====== Extracted records
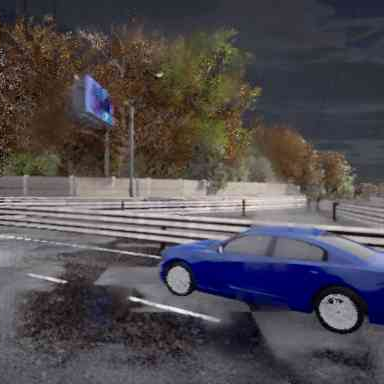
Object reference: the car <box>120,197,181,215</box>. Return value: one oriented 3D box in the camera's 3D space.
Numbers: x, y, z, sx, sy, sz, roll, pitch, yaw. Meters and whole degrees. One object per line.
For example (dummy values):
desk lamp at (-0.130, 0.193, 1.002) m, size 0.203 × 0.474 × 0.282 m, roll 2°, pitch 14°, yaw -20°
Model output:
car at (-3.295, 1.145, 26.583) m, size 5.008 × 1.535 × 1.882 m, roll 0°, pitch 1°, yaw -28°

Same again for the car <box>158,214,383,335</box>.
car at (1.584, 1.419, 6.710) m, size 5.008 × 1.535 × 1.882 m, roll 1°, pitch 1°, yaw 33°
============
Task goal: Repeat word for word each line from the one with "desk lamp at" to the end of the records above, inclusive.

Output of the exercise:
desk lamp at (-0.130, 0.193, 1.002) m, size 0.203 × 0.474 × 0.282 m, roll 2°, pitch 14°, yaw -20°
Model output:
car at (-3.295, 1.145, 26.583) m, size 5.008 × 1.535 × 1.882 m, roll 0°, pitch 1°, yaw -28°

Same again for the car <box>158,214,383,335</box>.
car at (1.584, 1.419, 6.710) m, size 5.008 × 1.535 × 1.882 m, roll 1°, pitch 1°, yaw 33°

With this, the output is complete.